Today, we attended a house-warming party at Deer Park. It was a gathering of babies, mothers and fathers and an occasion to share childminding experience. The host’s son and our son were born one day apart at Werribee Mercy Hospital. Another family which moved from Dandenong to Hoppers Crossing very near the due date, was refused admission into Werribee Mercy Hospital as it was fully booked. They went to Sunshine Hospital but were not happy with the environment there so they returned to Werribee Mercy Hospital. The Hospital relented on the admission only after they threatened to sue it.
When my wife was first pregnant, our GP told us Werribee Mercy Hospital, Sunshine Hospital and Royal Women Hospital are the three hospitals most convenient for us. Werribee Mercy Hospital and Sunshine Hospital are about 20-25 minutes drive from Altona while Royal Women Hospital is slightly further away, but not by much. While searching online for opinions on maternity hospitals, I discovered several maternity and baby forums. Most forum members have good words for Werribee Mercy Hospital while Sunshine Hospital and Royal Women Hospital receive mixed reviews. We visited Werribee Mercy Hospital for an orientation and we feel very comfortable with its homely environment. In addition, we guess if the labour occurs during peak hours, getting to Werribee Mercy Hospital will be easier as this is against city-bound traffic. Hence, we decided on Werribee Mercy Hospital.
My wife is admitted as a public patient but she needs to find a private obstetrician first. From online forums, we found out that Werribee Mercy Hospital is serviced by about 5-6 obstetricians. Dr. Sahhar has a clinic at Altona and has good reviews but his fees seem to be higher than those charged by other obstetricians. We decided on Dr. John How, whose clinic is at Spotswood, which is not far away from Altona. My wife is not very proficient in English so I am hoping we can find a Mandarin-speaking obstetrician. Dr. How is indeed a Chinese, previously from Singapore but he can only speak Cantonese, not Mandarin. We are very happy with his services and feel that he is very experienced and skilful. He made a decisive judgement in taking out the baby by suction when my wife was having difficulty delivering and the baby’s heartbeats were weakening.
For my wife’s second pregnancy, we decided to go back to Werribee Mercy Hospital because we have very good experience there and we do not wish to risk going to another unknown hospital. However, we did not go back to Dr. John How as we feel that his fees are somewhat on the high side. Dr. Calandra is the only obstetrician that bulk bills patients but my wife will need to wait three months to see him. I have also come across some negative reviews of him, including the comment that you get what you have paid for.

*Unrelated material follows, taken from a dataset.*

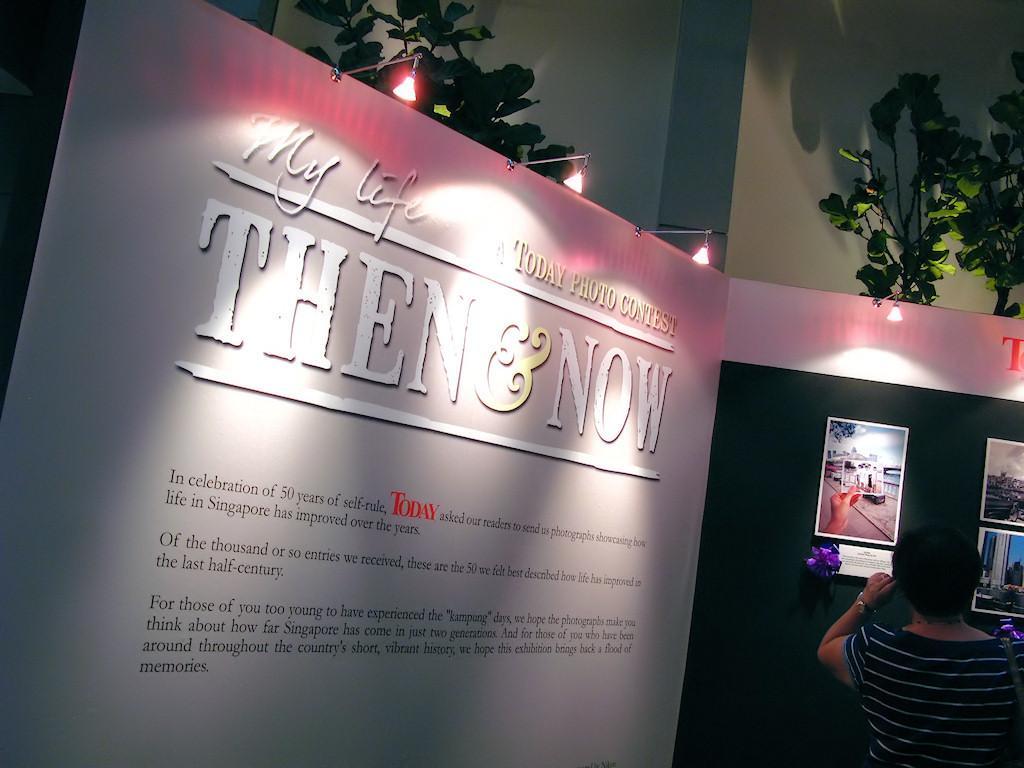Please provide a concise description of this image. In this image we can see a person, hoarding, lights, and trees. On the hoarding we can see pictures and some information. In the background we can see wall.

We decided to consult Dr. Stephen Ong, whose clinic is at West Footscray. My wife had to wait two months to see him but she managed to get our local GP to share care with him during this period. Like Dr. How, Dr. Ong can only speak Cantonese. While Dr. How can hardly speak any Mandarin, Dr. Ong can manage a few sentences. The first appointment turned out to be quite amusing. Dr. Ong was checking my wife’s medical history. He asked my wife in Mandarin whether she smokes and my wife replied “No”. Then he asked my wife whether she drinks water. My wife was taken aback. She loves drinking water so she is perplexed why he is asking this question. I then told my wife that Dr. Ong has meant to ask whether she consumes alcohol. He had wrongly substituted the Chinese word for alcohol with water.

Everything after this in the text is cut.